ParameterRequiredDescription & Examples
patternYesExpression used to match the request URL.
• Supports domains, paths, wildcards, regular expressions.
• See Matching Pattern Documentation for details.
filenameYesThe filename displayed during download.
• Examples: document.pdf, export.xlsx.
• Can be specified via the three methods above (inline/embedded/Values).
• ⚠️ Loading from files or remote URLs is not supported.
linePropsNoSets additional properties for the rule.
• Example: lineProps://important can increase this rule's priority.
• See lineProps Documentation for details.
filtersNoOptional filter conditions for precise control over when the rule takes effect.
• Can match request URL, method, headers, body content.
• Can match response status code, headers.
• See Filters Documentation for details.

Configuration Examples

Basic Example

Make visiting the homepage of example.com automatically download a file named example.html.

txt
https://www.example.com/ attachment://example.html

Using with Filters

Trigger PDF download only when the request contains a specific query parameter download=true.

txt
https://api.example.com/document attachment://User-Manual.pdf includeFilter:///[?&]download=true/

Using Embedded Values

Use an embedded code block for clarity when the filename is complex or needs annotation.

txt
https://assets.example.com/data.json attachment://{my-file-name}

``` my-file-name
Config-Backup-20240514.json
```

Implementing Remote Loading

The attachment protocol itself does not support loading values from file paths or remote URLs. If remote loading functionality is needed, consider the following two alternative approaches:

1. Extend Functionality via Plugins

You can develop a plugin to implement more complex filename retrieval logic, such as dynamically fetching filenames from a remote API. Please refer to the Plugin Development Documentation for specific methods.

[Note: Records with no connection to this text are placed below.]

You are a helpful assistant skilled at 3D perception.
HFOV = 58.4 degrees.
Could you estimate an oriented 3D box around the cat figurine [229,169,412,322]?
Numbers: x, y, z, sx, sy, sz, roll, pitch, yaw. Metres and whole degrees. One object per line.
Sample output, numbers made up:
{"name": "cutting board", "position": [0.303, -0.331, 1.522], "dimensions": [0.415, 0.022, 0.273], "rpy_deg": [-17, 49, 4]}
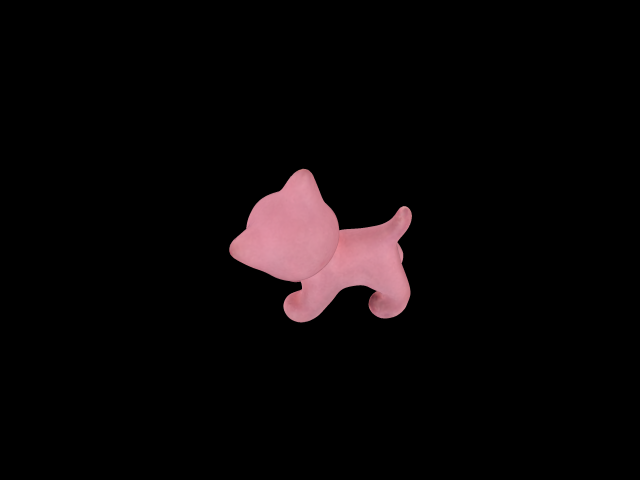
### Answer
{"name": "cat figurine", "position": [0.004, 0.001, 0.400], "dimensions": [0.128, 0.118, 0.067], "rpy_deg": [-5, 50, -4]}
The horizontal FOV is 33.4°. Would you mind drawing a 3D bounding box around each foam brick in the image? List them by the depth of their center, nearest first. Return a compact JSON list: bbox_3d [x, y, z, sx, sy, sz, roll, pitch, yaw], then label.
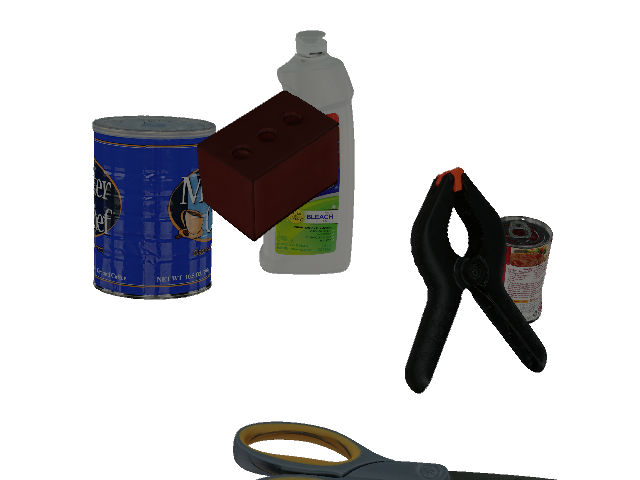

2. Using @url to Load Complete Rules

Store the complete configuration file containing attachment rules on a remote server and then load the entire rule set via the @url protocol.

Example:

  1. Create a rule file xxx.txt on a remote server:
    txt
    https://api.example.com/export attachment://remote-file.csv
    https://static.example.com/docs attachment://Document.pdf
  2. Reference the remote rules in the local Rules configuration:
    txt
    @https://remote-url/xxx.txt
    This way, the attachment rules in the remote file will be loaded and take effect.
  1. Core Principle: The attachment protocol essentially sets response headers automatically. The example above is completely equivalent to manually setting headers using the resHeaders protocol:

    txt
    https://www.example.com/ resHeaders://content-disposition=attachment;filename="example.html"
  2. Advantage: Compared to directly using resHeaders, the attachment syntax is more concise, readable, focuses on the file download scenario, and automatically handles details like filename escaping.

  3. Note: The actual content of the response body returned by the server remains unchanged. This rule simply instructs the browser how to handle that content by modifying the response headers.